Generative AI

Test Library Generation and Optimisation

Software testing based on early-stage AI-enabled system modelling provides a fundamentally different scale of system exploration, quality, test coverage and automation. The approach helps strengthen the operational resiliency of complex high-load high-availability systems. AI Testing can be applied to a wide variety of business domains and use cases due to its main analytical power being separated from the code. Compared to a traditional test library, developing or optimising a test library using AI-enabled model-based testing and automation introduces many business and operational benefits.

Benefits

Efficiency
Test library development/optimisation based on industry-tested methods and extensive domain expertise.

Performance
Improved test library performance: system regression and diagnostics can be done fast and in an automated mode.

Resilience
Wider test coverage, compared to traditional test libraries.

Optimisation
Testers can delegate test generation to AI and concentrate on higher-impact cognitively demanding tasks.

Sustainability
Limiting the test library to a controlled subset of tests helps reduce server load.

Growth
Improved ROI, due to the increased efficiency of the test library.

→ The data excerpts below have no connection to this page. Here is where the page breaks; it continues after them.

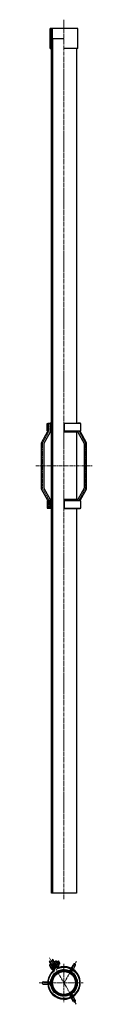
# Model space of a CAD drawing. Header units: millimetres. Extents: x -86317 to 30929, y -49249 to 201858.
# Tile 3 of 5: x 30731 to 30929, y 195618 to 199074. Entities that reach past the tile are written whole.
import ezdxf

# ---------------------------------------------------------------- set-up
doc = ezdxf.new("R2010")
doc.units = ezdxf.units.MM
doc.set_wipeout_variables(frame=1)
doc.linetypes.add('CENTERX2', pattern=[4, 2.5, -0.5, 0.5, -0.5])
doc.linetypes.add('Штрихпунктирная_ГОСТ', pattern=[20, 15, -1.75, 1.5, -1.75])
for name, color, linetype, lineweight in [('ГТО-2_Металлические_конструкции', 1, 'Continuous', 30), ('ГТО_Металлические_конструкции', 1, 'Continuous', 30), ('ГТО_Оси', 1, 'CENTERX2', 15), ('ГТО_Штриховка', 7, 'Continuous', 15), ('Оси', 1, 'Штрихпунктирная_ГОСТ', 13)]:
    doc.layers.add(name, color=color, linetype=linetype, lineweight=lineweight)

# ---------------------------------------------------------------- blocks, each defined once
blk = doc.blocks.new('Скоба')
at = {"layer": 'ГТО_Металлические_конструкции', "color": 0}
blk.add_lwpolyline([(4, 0), (-4, 0), (-4, 28.7), (-26, 68.7), (-26, 231.3), (-4, 271.3), (-4, 300), (4, 300), (4, 268.7), (-18, 228.7), (-18, 71.3), (4, 31.3)], close=True, dxfattribs=at)
at = {"layer": 'ГТО_Оси', "color": 0}
blk.add_lwpolyline([(0, 300), (0, 270), (-22, 230), (-22, 70), (0, 30), (0, 0)], dxfattribs=at)
blk = doc.blocks.new('Болт М10х30')
at = {"layer": 'ГТО-2_Металлические_конструкции', "color": 0}
for p, q in [((-5.2, 4.6), (0, 4.6)), ((29, 5), (29, -5)), ((-5.2, -4.6), (0, -4.6))]:
    blk.add_line(p, q, dxfattribs=at)
at = {"layer": 'ГТО-2_Металлические_конструкции', "color": 0, "lineweight": 9}
for p, q in [((0, 4), (30, 4)), ((0, -4), (30, -4))]:
    blk.add_line(p, q, dxfattribs=at)
at = {"layer": 'ГТО-2_Металлические_конструкции', "color": 0}
for points in [[(-5.7, 8.3), (-6.4, 4.8)], [(-6.4, 4.8), (-6.4, -4.8)], [(-5.2, -9.2), (0, -9.2), (0, 9.2), (-5.2, 9.2)], [(-5.7, -8.3), (-6.4, -4.8)]]:
    blk.add_lwpolyline(points, dxfattribs=at)
blk.add_lwpolyline([(0, -5), (29, -5), (30, -4), (30, 4), (29, 5), (0, 5)], close=True, dxfattribs=at)
for centre, major_axis, ratio, start_param, end_param in [((-5.2, 6.9), (0, -2.31), 0.258819, 3.141593, 6.283185), ((-5.2, 0), (0.01, 4.62), 0.131239, 0.028075, 3.141593)]:
    blk.add_ellipse(centre, major_axis=major_axis, ratio=ratio, start_param=start_param, end_param=end_param, dxfattribs=at)
at = {"layer": 'ГТО-2_Металлические_конструкции', "color": 0, "extrusion": (0, 0, -1)}
blk.add_ellipse((-5.2, -6.9), major_axis=(0, 2.31), ratio=0.258819, start_param=3.141593, end_param=6.283185, dxfattribs=at)
at = {"layer": 'ГТО_Оси', "color": 0}
blk.add_line((-6.4, 0), (30, 0), dxfattribs=at)
blk = doc.blocks.new('ГАйка М10')
at = {"color": 0}
blk.add_wipeout([(0, 9.2), (8.4, 9.2), (8.4, -9.2), (0, -9.2)], dxfattribs=at).dxf.layer = 'ГТО-2_Металлические_конструкции'
at = {"layer": 'ГТО-2_Металлические_конструкции', "color": 0}
for p, q in [((1, 4.6), (7.4, 4.6)), ((1, -4.6), (7.4, -4.6))]:
    blk.add_line(p, q, dxfattribs=at)
for points in [[(0, 6.9), (0, -6.9)], [(7.4, 9.2), (1, 9.2)], [(8.4, -6.9), (8.4, 6.9)], [(1, -9.2), (7.4, -9.2)]]:
    blk.add_lwpolyline(points, dxfattribs=at)
for centre, major_axis, ratio in [((1, 6.9), (0, -2.31), 0.433013), ((1, 0), (0, -4.62), 0.216506), ((7.4, -6.9), (0, 2.31), 0.433013)]:
    blk.add_ellipse(centre, major_axis=major_axis, ratio=ratio, start_param=3.141593, end_param=6.283185, dxfattribs=at)
at = {"layer": 'ГТО-2_Металлические_конструкции', "color": 0, "extrusion": (0, 0, -1)}
for centre, major_axis, ratio in [((7.4, 6.9), (0, -2.31), 0.433013), ((7.4, 0), (0, -4.62), 0.216506), ((1, -6.9), (0, 2.31), 0.433013)]:
    blk.add_ellipse(centre, major_axis=major_axis, ratio=ratio, start_param=3.141593, end_param=6.283185, dxfattribs=at)
at = {"layer": 'ГТО_Оси', "color": 0}
blk.add_lwpolyline([(0, 0), (8.4, 0)], dxfattribs=at)

msp = doc.modelspace()

# ---------------------------------------------------------------- hatches: boundary and pattern name
at = {"layer": 'ГТО_Штриховка'}
h = msp.add_hatch(dxfattribs=at)
h.set_pattern_fill('ANSI31', color=256, angle=120)
h.set_pattern_definition([(165, (214213.8804, 269952.8276), (-0.82175047, -3.0668145), [])])
edge = h.paths.add_edge_path(flags=17)
edge.add_arc((30808.9, 195748.8), 2.5, 210, 287.8462)
edge.add_arc((30808.9, 195748.8), 2.5, 210, 287.8462, ccw=False)
edge = h.paths.add_edge_path(flags=16)
edge.add_arc((30808.9, 195748.8), 5.01, 210.025, 287.7837)
edge.add_arc((30808.9, 195748.8), 5.01, 210.025, 287.7837, ccw=False)
edge = h.paths.add_edge_path()
edge.add_arc((30829.7, 195692.8), 57.2, 129.525, 470.475)
edge.add_arc((30829.7, 195692.8), 54.8, 129.4051, 470.5949)
edge.add_arc((30791.6, 195738.8), 5.01, 312.2163, 389.975)
edge.add_arc((30791.6, 195738.8), 2.5, 312.1538, 390)
edge.add_line((30795.9, 195741.3), (30779.9, 195769.1))
edge.add_line((30779.9, 195769.1), (30777.7, 195767.9))
edge.add_line((30777.7, 195767.9), (30793.8, 195740.1))
edge.add_line((30804.6, 195746.3), (30788.5, 195774.1))
edge.add_line((30788.5, 195774.1), (30790.7, 195775.4))
edge.add_line((30790.7, 195775.4), (30806.7, 195747.6))
edge.add_line((30801.5, 195751.6), (30803.7, 195752.9))
edge.add_line((30790.7, 195745.4), (30792.9, 195746.6))
edge.add_line((30784.7, 195755.8), (30786.9, 195757))
edge.add_line((30795.5, 195762), (30797.7, 195763.3))
h = msp.add_hatch(dxfattribs=at)
h.set_pattern_fill('ANSI37', color=256, scale=0.5)
h.set_pattern_definition([(45, (3448.6556, -252.5244), (-1.122532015, 1.122532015), []), (135, (3448.6556, -252.5244), (-1.122532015, -1.122532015), [])])
h.paths.add_polyline_path([(30829.7, 195737.1), (30829.7, 195739.6, 0.414214), (30783, 195692.8, 0.414214), (30829.7, 195646.1), (30829.7, 195648.6, -0.414214), (30785.5, 195692.8, -0.414214)])
h.paths.add_polyline_path([(30829.7, 195739.6), (30829.7, 195737.1, -0.414214), (30874, 195692.8, -0.414214), (30829.7, 195648.6), (30829.7, 195646.1, 0.414214), (30876.5, 195692.8, 0.414214)])
h = msp.add_hatch(color=256, dxfattribs=at)
h.dxf.hatch_style = 1
h.paths.add_polyline_path([(30853.1, 195733.3, 1), (30857.1, 195740.2, 1)])
h = msp.add_hatch(dxfattribs=at)
h.set_pattern_fill('ANSI31', color=256, angle=90)
h.set_pattern_definition([(135, (3448.6556, -252.5244), (-2.24506403, -2.24506403), [])])
h.paths.add_polyline_path([(30829.7, 195737.1, 0.414214), (30785.5, 195692.8), (30789.5, 195692.8, -0.414214), (30829.7, 195733.1)])
h.paths.add_polyline_path([(30829.7, 195737.1), (30829.7, 195733.1, -0.414214), (30870, 195692.8), (30874, 195692.8, 0.414214)])
h.paths.add_polyline_path([(30874, 195692.8), (30870, 195692.8, -0.414214), (30829.7, 195652.6), (30829.7, 195648.6, 0.414214)])
h.paths.add_polyline_path([(30789.5, 195692.8), (30785.5, 195692.8, 0.414214), (30829.7, 195648.6), (30829.7, 195652.6, -0.414214)])
h = msp.add_hatch(color=256, dxfattribs=at)
h.dxf.hatch_style = 1
h.paths.add_polyline_path([(30783, 195692.8, 1), (30775, 195692.8, 1)])
h = msp.add_hatch(color=256, dxfattribs=at)
h.dxf.hatch_style = 1
h.paths.add_polyline_path([(30853.1, 195652.3, 1), (30857.1, 195645.4, 1)])

# ---------------------------------------------------------------- linework, layer by layer
at = {"layer": 'ГТО_Металлические_конструкции', "color": 0}
for p, q in [((30789.5, 199043), (30781, 199043)), ((30829.7, 199043), (30789.5, 199043)), ((30853.5, 195742.1), (30851.6, 195738.8)), ((30862.6, 195757.8), (30854.8, 195744.3)), ((30757, 195688.8), (30772.6, 195688.8)), ((30775.1, 195688.8), (30779, 195688.8)), ((30860.5, 195647.5), (30858.5, 195650.9)), ((30869.5, 195631.8), (30861.7, 195645.4))]:
    msp.add_line(p, q, dxfattribs=at)
msp.add_lwpolyline([(30806.7, 195747.6), (30790.7, 195775.4), (30788.5, 195774.1), (30804.6, 195746.3, 0.352934), (30810.4, 195744.1, -12.15666), (30794.9, 195735.1, 0.352934), (30795.9, 195741.3), (30779.9, 195769.1), (30777.7, 195767.9), (30793.8, 195740.1, -0.353364), (30793.3, 195737, 12.00283), (30809.7, 195746.5, -0.353364)], format="xyb", close=True, dxfattribs=at)
for points in [[(30860.5, 195738.1), (30858.5, 195734.8)], [(30869.5, 195753.8), (30861.7, 195740.3)], [(30757, 195696.8), (30772.6, 195696.8)], [(30775.1, 195696.8), (30779, 195696.8)], [(30853.5, 195643.5), (30851.6, 195646.9)], [(30862.6, 195627.8), (30854.8, 195641.4)]]:
    msp.add_lwpolyline(points, dxfattribs=at)
for centre, radius in [((30829.7, 195692.8), 46.8), ((30855.1, 195736.8), 4), ((30829.7, 195692.8), 44.2), ((30829.7, 195692.8), 40.2), ((30779, 195692.8), 4), ((30855.1, 195648.9), 4)]:
    msp.add_circle(centre, radius, dxfattribs=at)
for centre, start, end in [((30866.1, 195755.8), 330, 150), ((30757, 195692.8), 90, 270), ((30866.1, 195629.8), 210, 30)]:
    msp.add_arc(centre, 4, start, end, dxfattribs=at)
at = {"layer": 'ГТО_Оси', "color": 0, "ltscale": 3}
for p, q in [((30829.7, 195760.1), (30829.7, 195625.6)), ((30897, 195692.8), (30743, 195692.8))]:
    msp.add_line(p, q, dxfattribs=at)

# ---------------------------------------------------------------- block references
at = {"layer": 'ГТО_Металлические_конструкции', "color": 0, "rotation": 29.99999999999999}
msp.add_blockref('Болт М10х30', (30787.7, 195750.6), dxfattribs=at)

# ---------------------------------------------------------------- wipeouts: each hides what was drawn before it
at = {"color": 0}
msp.add_wipeout([(30785.5, 196007.5), (30874, 196007.5), (30874, 199007.5), (30785.5, 199007.5)], dxfattribs=at).dxf.layer = 'ГТО_Металлические_конструкции'

# ---------------------------------------------------------------- next in the draw order: hatches: boundary and pattern name
at = {"layer": 'ГТО_Металлические_конструкции'}
h = msp.add_hatch(dxfattribs=at)
h.set_pattern_fill('ANSI31', color=0, scale=20)
h.set_pattern_definition([(45, (-14433.75, 189389.747), (-44.90128, 44.90128), [])])
h.paths.add_polyline_path([(30785.5, 199043), (30781, 199043), (30781, 198972), (30785.5, 198972)])
h.paths.add_polyline_path([(30787, 199041.5), (30785.5, 199043), (30785.5, 198972), (30787, 198973.5)])
h.paths.add_polyline_path([(30874, 199043), (30872.5, 199041.5), (30872.5, 198973.5), (30874, 198972)])
h.paths.add_polyline_path([(30878.5, 199043), (30874, 199043), (30874, 198972), (30878.5, 198972)])
at = {"layer": 'ГТО_Штриховка'}
h = msp.add_hatch(dxfattribs=at)
h.set_pattern_fill('ANSI31', color=0, angle=90)
h.set_pattern_definition([(135, (2288.6793, 0), (-2.24506403, -2.24506403), [])])
h.paths.add_polyline_path([(30785.5, 199043), (30781, 199043), (30781, 198972), (30785.5, 198972)])
h.paths.add_polyline_path([(30785.5, 199041.5), (30785.5, 199043), (30785.5, 198972), (30785.5, 198973.5)], flags=17)
h = msp.add_hatch(dxfattribs=at)
h.set_pattern_fill('ANSI31', color=0, angle=90)
h.set_pattern_definition([(135, (30829.7016, 196007.505), (-2.245064, -2.245064), [])])
h.paths.add_polyline_path([(30789.5, 199043), (30785.5, 199043), (30785.5, 196007.5), (30789.5, 196007.5)])

# ---------------------------------------------------------------- next in the draw order: linework, layer by layer
at = {"color": 0}
for points in [[(30787, 199043), (30787, 198972), (30785.5, 198972)], [(30787, 196007.5), (30787, 196043), (30785.5, 196043)]]:
    msp.add_lwpolyline(points, dxfattribs=at)
at = {"layer": 'ГТО_Металлические_конструкции', "color": 0}
for p, q in [((30781, 198972), (30781, 199043)), ((30785.5, 198972), (30785.5, 199043)), ((30789.5, 199007.5), (30789.5, 199043)), ((30789.5, 199007.5), (30789.5, 196007.5)), ((30781, 198972), (30785.5, 198972)), ((30785.5, 198972), (30789.5, 198972)), ((30785.5, 196043), (30789.5, 196043))]:
    msp.add_line(p, q, dxfattribs=at)
for points in [[(30785.5, 199007.5), (30874, 199007.5), (30874, 196007.5), (30829.7, 196007.5), (30829.7, 196007.5), (30785.5, 196007.5)], [(30772.7, 197630.8), (30770.2, 197630.8), (30770.2, 197655.8), (30772.7, 197655.8)], [(30785.7, 197657.6), (30780.7, 197657.6), (30780.7, 197626.3), (30785.7, 197626.3)], [(30772.7, 197384.4), (30770.2, 197384.4), (30770.2, 197359.4), (30772.7, 197359.4)], [(30785.7, 197357.6), (30780.7, 197357.6), (30780.7, 197388.9), (30785.7, 197388.9)], [(30829.9, 197357.6), (30878.9, 197357.6), (30878.9, 197388.9), (30829.9, 197388.9)]]:
    msp.add_lwpolyline(points, close=True, dxfattribs=at)
at = {"layer": 'ГТО_Оси', "color": 0, "ltscale": 5}
msp.add_lwpolyline([(30730.7, 197507.6), (30928.9, 197507.6)], dxfattribs=at)

# ---------------------------------------------------------------- next in the draw order: block references
at = {"layer": 'ГТО_Металлические_конструкции', "color": 0}
msp.add_blockref('Скоба', (30776.7, 197357.6), dxfattribs=at)
at = {"layer": 'ГТО_Металлические_конструкции', "color": 0, "xscale": -1}
msp.add_blockref('Скоба', (30882.9, 197357.6), dxfattribs=at)
at = {"layer": 'ГТО_Металлические_конструкции', "color": 0, "rotation": 29.99999999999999}
msp.add_blockref('ГАйка М10', (30801.1, 195758.3), dxfattribs=at)

# ---------------------------------------------------------------- next in the draw order: linework, layer by layer
at = {"layer": 'ГТО_Металлические_конструкции', "color": 0}
for points in [[(30784.7, 195755.8), (30786.9, 195757)], [(30790.7, 195745.4), (30792.9, 195746.6)], [(30795.5, 195762), (30797.7, 195763.3)], [(30801.5, 195751.6), (30803.7, 195752.9)]]:
    msp.add_lwpolyline(points, dxfattribs=at)
at = {"layer": 'ГТО_Оси', "color": 0, "ltscale": 3}
for p, q in [((30779.2, 195780.3), (30873.1, 195617.7)), ((30829.7, 195692.8), (30873.1, 195768))]:
    msp.add_line(p, q, dxfattribs=at)

# ---------------------------------------------------------------- next in the draw order: wipeouts: each hides what was drawn before it
at = {"color": 0}
for points in [[(30829.7, 199043), (30878.5, 199043), (30878.5, 198972), (30829.7, 198972)], [(30829.9, 197657.6), (30878.9, 197657.6), (30878.9, 197626.3), (30829.9, 197626.3)], [(30829.9, 197357.6), (30878.9, 197357.6), (30878.9, 197388.9), (30829.9, 197388.9)]]:
    msp.add_wipeout(points, dxfattribs=at)

# ---------------------------------------------------------------- next in the draw order: linework, layer by layer
at = {"layer": 'ГТО_Металлические_конструкции', "color": 0}
for p, q in [((30878.5, 199043), (30829.7, 199043)), ((30878.5, 198972), (30878.5, 199043)), ((30878.5, 198972), (30829.7, 198972))]:
    msp.add_line(p, q, dxfattribs=at)
for points in [[(30829.9, 197657.6), (30878.9, 197657.6), (30878.9, 197626.3), (30829.9, 197626.3)], [(30829.9, 197357.6), (30878.9, 197357.6), (30878.9, 197388.9), (30829.9, 197388.9)]]:
    msp.add_lwpolyline(points, close=True, dxfattribs=at)

# ---------------------------------------------------------------- next in the draw order: wipeouts: each hides what was drawn before it
at = {"color": 0}
for points in [[(30829.9, 197630.8), (30889.4, 197630.8), (30889.4, 197655.8), (30829.9, 197655.8)], [(30829.9, 197359.4), (30889.4, 197359.4), (30889.4, 197384.4), (30829.9, 197384.4)]]:
    msp.add_wipeout(points, dxfattribs=at)

# ---------------------------------------------------------------- next in the draw order: linework, layer by layer
at = {"layer": 'ГТО_Металлические_конструкции', "color": 0}
for points in [[(30829.9, 197630.8), (30889.4, 197630.8), (30889.4, 197655.8), (30829.9, 197655.8)], [(30829.9, 197359.4), (30889.4, 197359.4), (30889.4, 197384.4), (30829.9, 197384.4)]]:
    msp.add_lwpolyline(points, close=True, dxfattribs=at)
at = {"layer": 'Оси'}
msp.add_lwpolyline([(30829.7, 195987.3), (30829.7, 199073.5)], dxfattribs=at)

doc.saveas('drawing.dxf')

Our comprehensive AI-enabled testing approach relies on the principles of Model-based testing. We value exploring features and functionalities in their context of the system over merely satisfying sets of validation checks. We see clear value in taking the time to build a machine-readable twin of a system under test and analysing its behaviour under load. Our AI Testing approach helps us introduce efficiencies into existing testing processes or facilitate the development of new optimised test libraries. 

Using Generative AI helps us create massive amounts of test scenarios covering the system under test end-to-end. This volume is further reduced using a set of algorithms, with the final optimised subset providing the same level of test coverage. The level of test coverage can be further continuously improved using AI algorithms. Models can be reused to test and build systems with similar functionality.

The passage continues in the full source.